Advertisement

Giddyap

Share
Michael Harris is a regular contributor to Book Review.

Ampersand is a racehorse, the best in the world. Riding him, as English amateur jockey Harry Cotton discovers between the two world wars, is “once, just once, perfection. Like sitting in an armchair, the trainer said. That, yes, but much more, almost as if sitting in an armchair was the best sensation the human body could ever know, shriveling to nothing the pleasures of love and wine.”

Cotton doesn’t ride Ampersand in a race. The horse’s obese, tyrannical owner, known by her initials, C.L., has wearied of her regular jockey and decided to give Cotton a chance at the Gold Cup, but just as quickly she changes her mind, yanking him out of the saddle after a steeplechase warmup.

He is left with that fleeting moment of perfection in an otherwise haphazard life.

Cotton goes on to other things. Before World War II, he follows a lover, a Jewish woman, to Breslau, Germany (now Wroclaw, Poland), and witnesses the rise of anti-Semitism. During the war, he joins the special forces and participates in a successful raid against the Italians in North Africa, in which his closest army friend is killed. Invalided out of the service, he becomes a British government agent recruiting workers in neutral Ireland. He marries and has a son, Aldous, and is devastated by his wife’s untimely death.

Advertisement

Still, all this heavier material, which would rise to the top in the ordinary historical saga, sinks to the bottom in the first novel in Ferdinand Mount’s “A Chronicle of Modern Twilight” series. Mount, the editor of the Times (of London) Literary Supplement, writes in a comic vein that runs straight from Charles Dickens through Evelyn Waugh. Serious things aren’t ignored, but they are allowed to find their natural place--and gravity, in this case, works in laughter’s favor.

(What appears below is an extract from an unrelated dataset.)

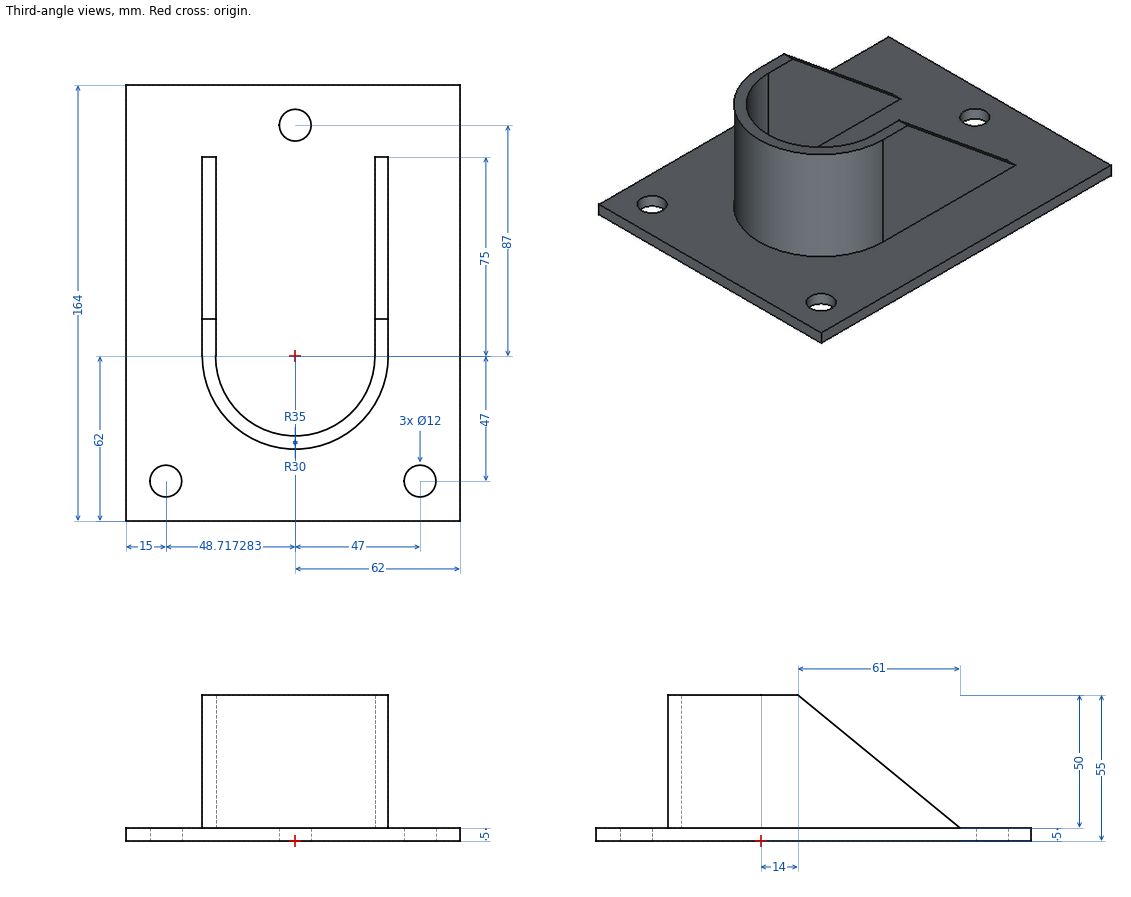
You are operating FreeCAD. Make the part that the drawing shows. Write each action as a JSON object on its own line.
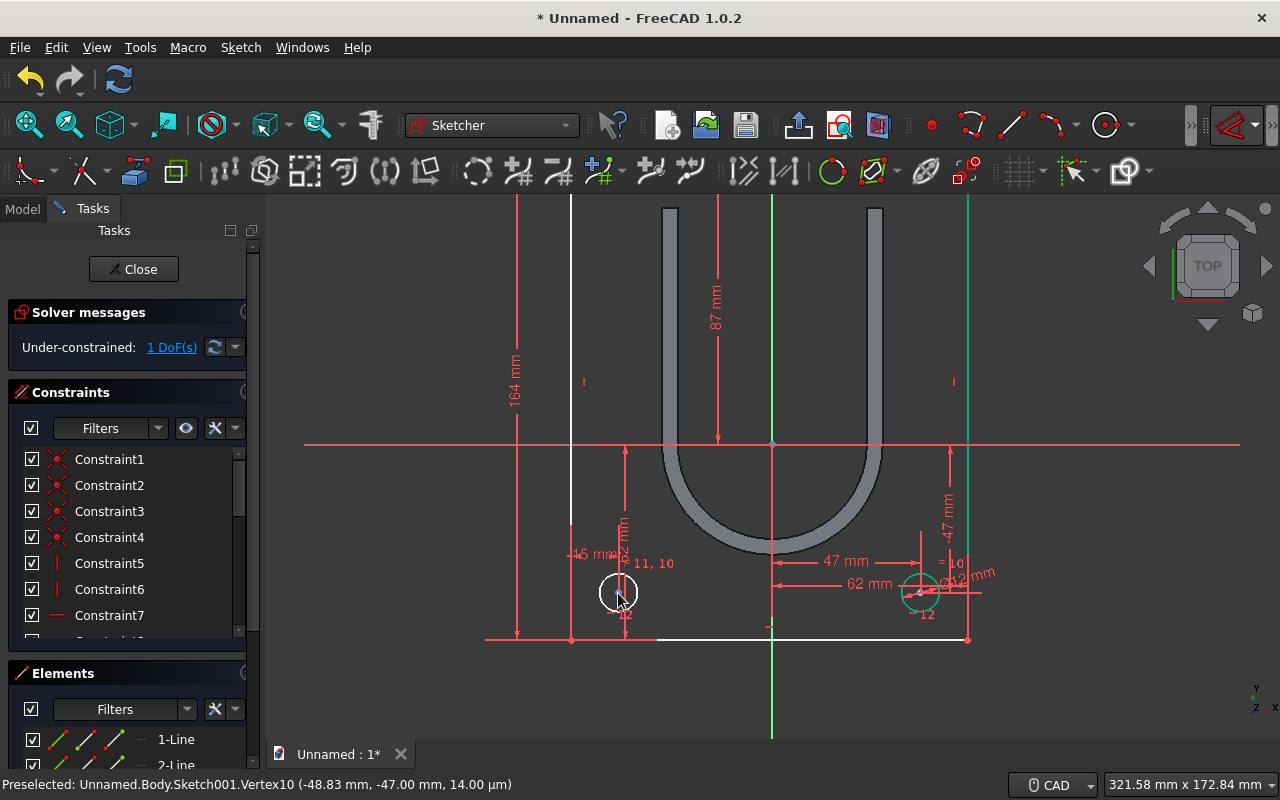
{"action": "left_click", "coordinate": [619, 593]}

“The Man Who Rode Ampersand”--particularly the third-person part from Cotton’s point of view--consists of conversational riffs that imprint characters on our minds so vividly that further development or action proves unnecessary. They appear--C.L. and fellow jockey “Froggy” O’Neill and slimy bookie Cod Chamberlayne and rising politician Boy Kingsmill and whiskey-soaked philosopher Tom Dunbabin, whom the unhorsed Cotton meets while bartending at a Soho watering hole and brothel called the Pyjama Club--they speak, and we remember them, whether or not they return to speak again.

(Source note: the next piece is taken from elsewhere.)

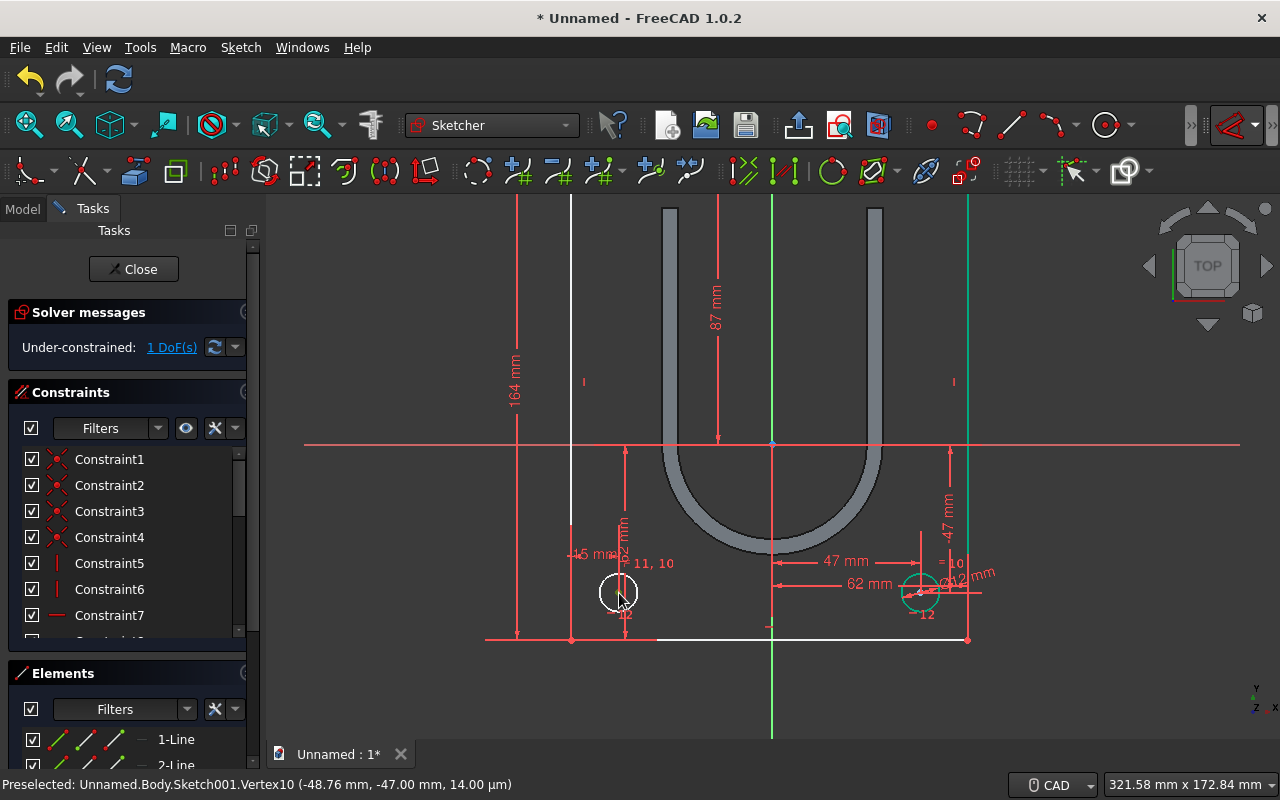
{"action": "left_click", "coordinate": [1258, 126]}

The banner of seriousness is upheld, somewhat shakily, in a first-person narrative by Aldous, whose sexual and bureaucratic misadventures are described in a later novel in the series, the Booker Prize nominee “Fairness.” Aldous is a clumsy, asthmatic boy who sees Cotton as “all exuberance and will.” He loves and resents his father and tries, with only partial success, to find something in the man he can respect.

Cotton, we know from the third-person narrative, is an intellectual lightweight. He never completes a proposed biography of an ancestor who helped Isaak Walton write “The Compleat Angler.” He drinks and gambles. Much of his undercover work in Ireland involves standing rounds in pubs. A small trust fund enables him to live without ever having a regular job. “He admired hard work and quiet, diligent people,” Aldous says. “He just did not fully understand what they were up to.” His biggest decision, to marry, seems to take no more thought than a wager on a horse.

Aldous makes much of his father’s combat experience. “It is too easy to imagine that the war came just in time to give meaning to the lives of a generation of misfits,” he says, but this seems precisely the argument he is making for Cotton. Cotton himself might demur. The North Africa raid is over and done with in a couple of pages, no more space than is devoted to one of Dunbabin’s drunken, hilarious monologues or to the ride on Ampersand.

The importance Cotton gives that ride--the chief anxiety of his old age is Froggy’s insinuation that he made the story up--is a sign of superficiality, to be sure. It’s related to his halfhearted pursuit of the Jewish lover, Stella, whom he leaves in Eastern Europe, and to his benign neglect of young Aldous. But if Cotton isn’t a particularly good man, neither is he a bad one. His life, in an age of heroes and monsters, is lived on a human scale. He likes people and has fun. That he did “once, just once” brush perfection is, Mount would have us believe, not inconsequential.